There was a situation that happened at last years NATs involving Paul Walker's first flight in the Open Finals. If I recall the events correctly, Paul had just finished his flight and his helper who was attending to the plane had not secured or "disarmed" the plane by pulling his arming plug. By the time his helper disarmed the plane, Paul inadvertently switched the handle from his right hand to his left hand "before" his helper disarmed the plane. This resulted in Paul receiving a 0 score for his first flight. Is this a correct interpretation of this rule?

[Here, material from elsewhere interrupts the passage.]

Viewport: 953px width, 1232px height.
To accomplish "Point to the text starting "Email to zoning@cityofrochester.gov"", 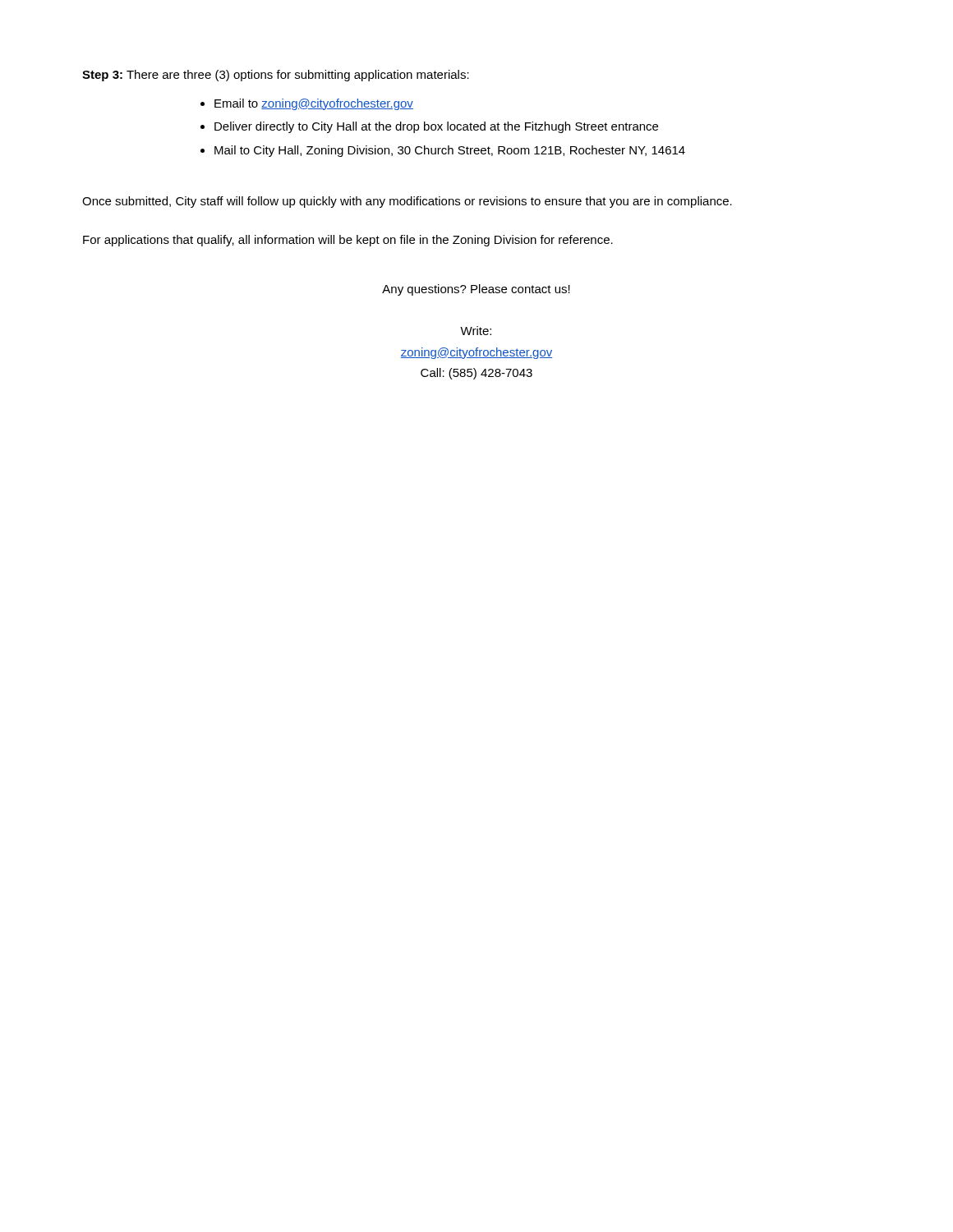I will [x=313, y=103].

Not of the current rule book version. It may well be a correct implication of the special NATs rule regarding this (that predated the official one). The initial version (before 2011) was that removing the safety thong before disarming the model was not allowed. I intentionally removed that based on comments here, and the altered version is the one in the rule book.

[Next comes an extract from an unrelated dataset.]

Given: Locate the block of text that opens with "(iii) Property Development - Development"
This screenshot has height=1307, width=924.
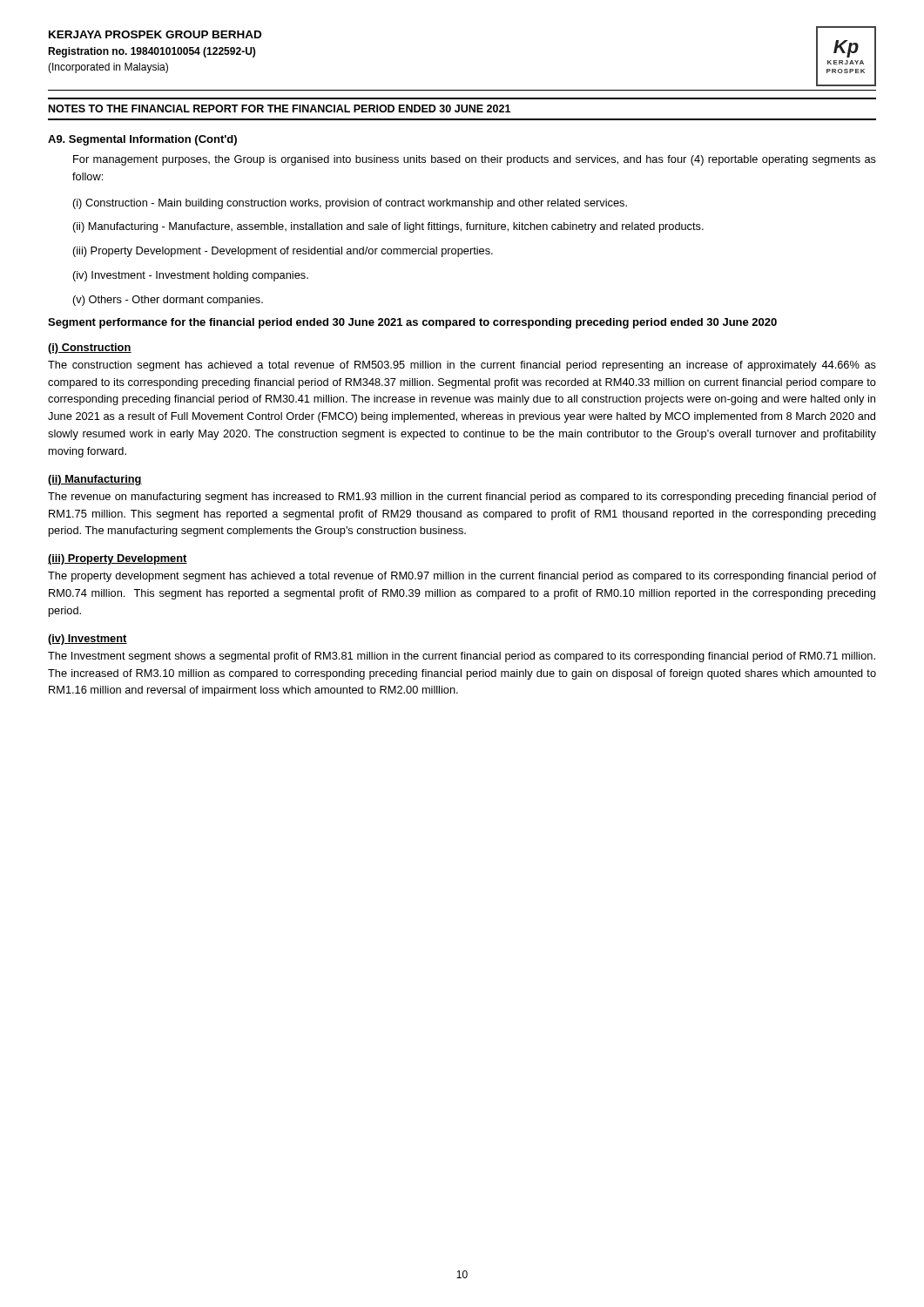Looking at the screenshot, I should tap(283, 251).
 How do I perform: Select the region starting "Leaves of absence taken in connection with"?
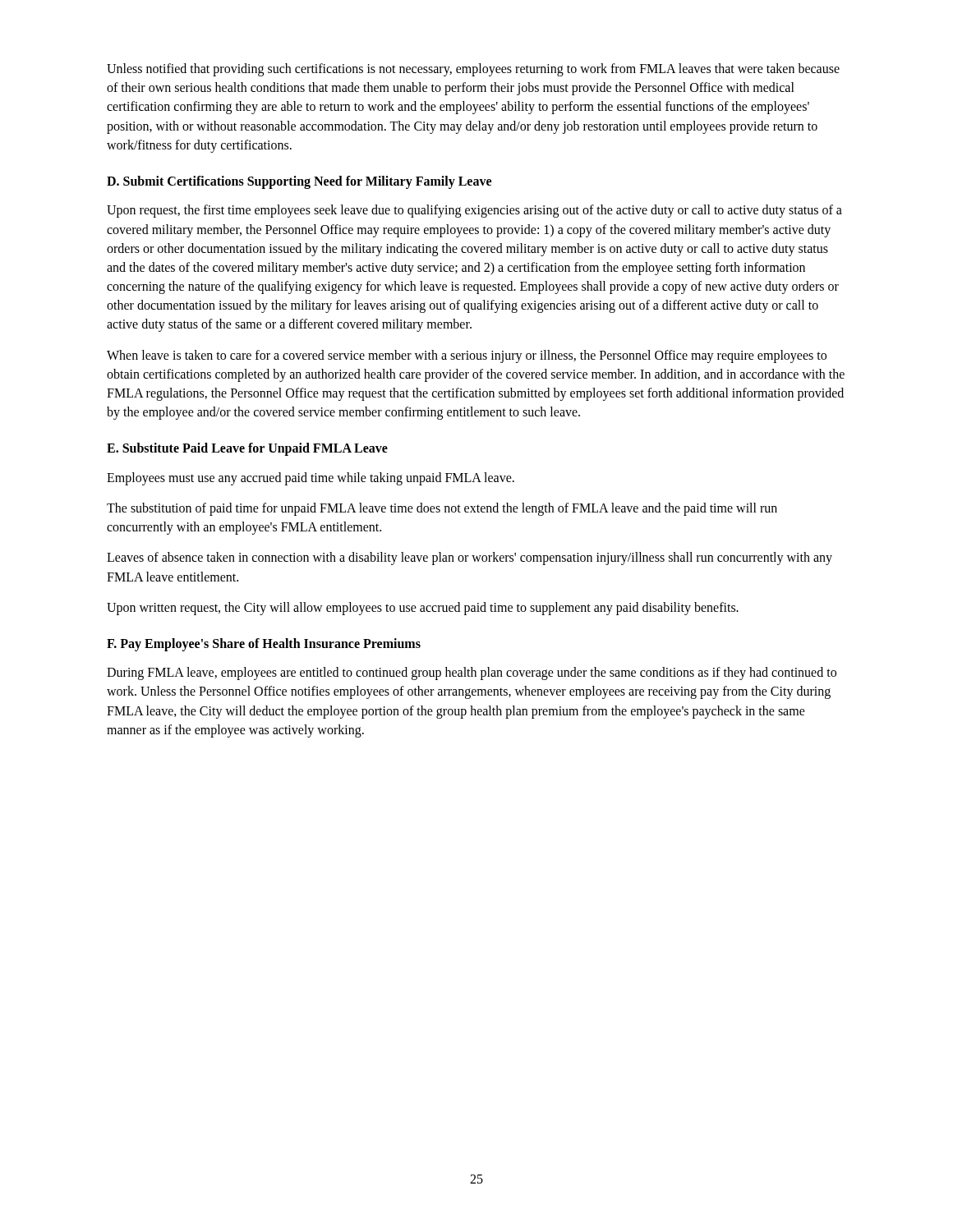476,567

It's OK to have different rules for the NATs, and I have to admit I wasn't paying any attention to what was briefed at the pilot's meeting last year, so I don't know.
The reasoning behind the rule book version was that we want single-failure safety, that is, if it starts unexpectedly, someone also has to drop the handle before it is unsafe. So just holding the handle is good enough, including handing it off to your helper while you go to disarm the airplane.

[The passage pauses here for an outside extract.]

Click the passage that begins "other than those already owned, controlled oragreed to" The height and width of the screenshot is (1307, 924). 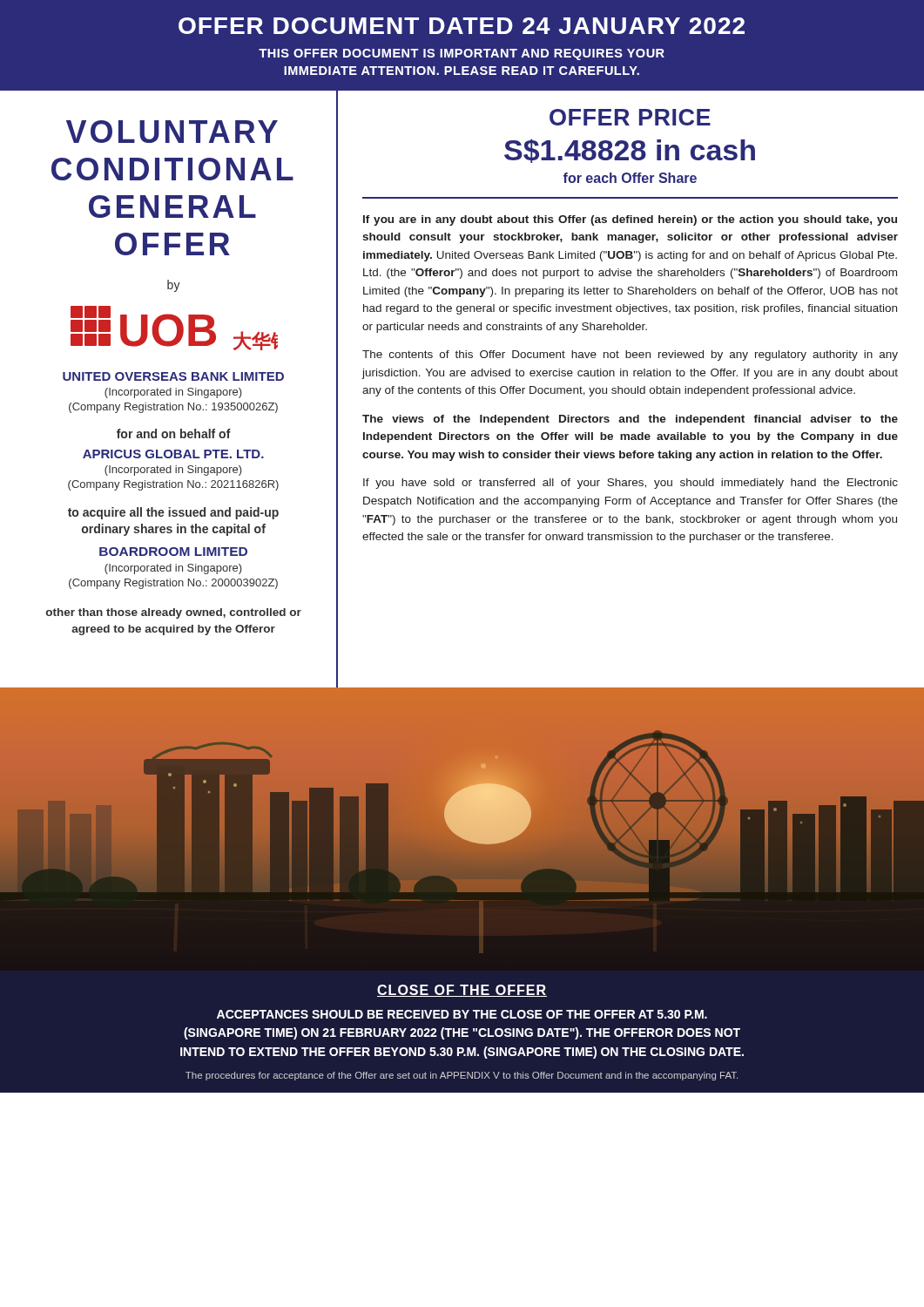point(173,620)
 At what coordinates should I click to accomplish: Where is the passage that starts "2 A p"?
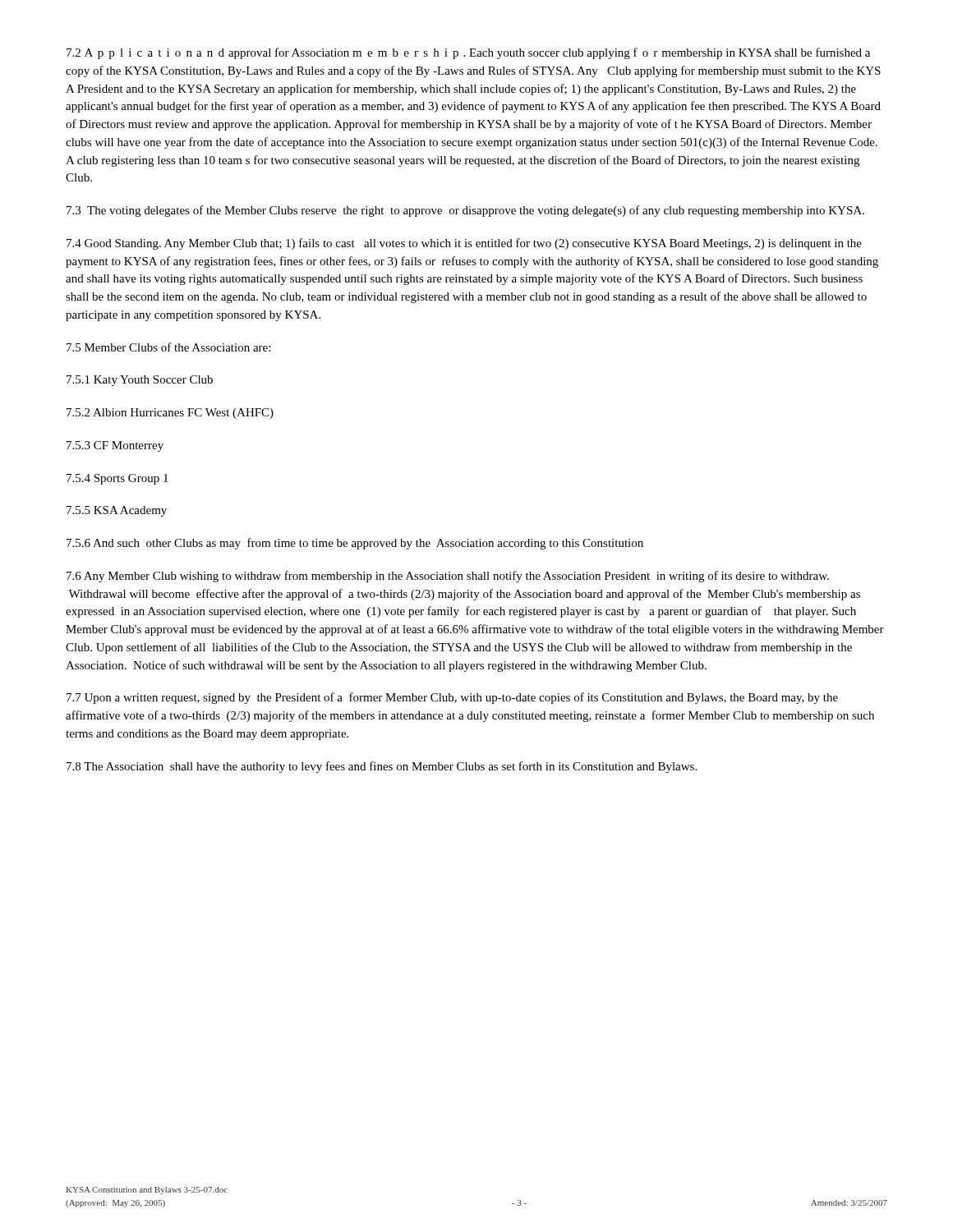[x=473, y=115]

Requiring the safety thong, too, is dual-failure tolerant, because if the airplane starts unexpectedly AND you drop the handle (two failures, not one) then you still have the thong backing you up. It's OK to be safer, but this does exceed the levels of margin/tolerance we use for everything else in stunt (like the pull test) and does cause minor operational restrictions like not being able to hand off your handle to someone else.
If it had been me, and I hadn't paid attention (which is shame on me), I would have expected the rule book version, and may have gotten burned on the same issue were I flying electric.
I don't know what version will be used, but fortunately, we know the CD!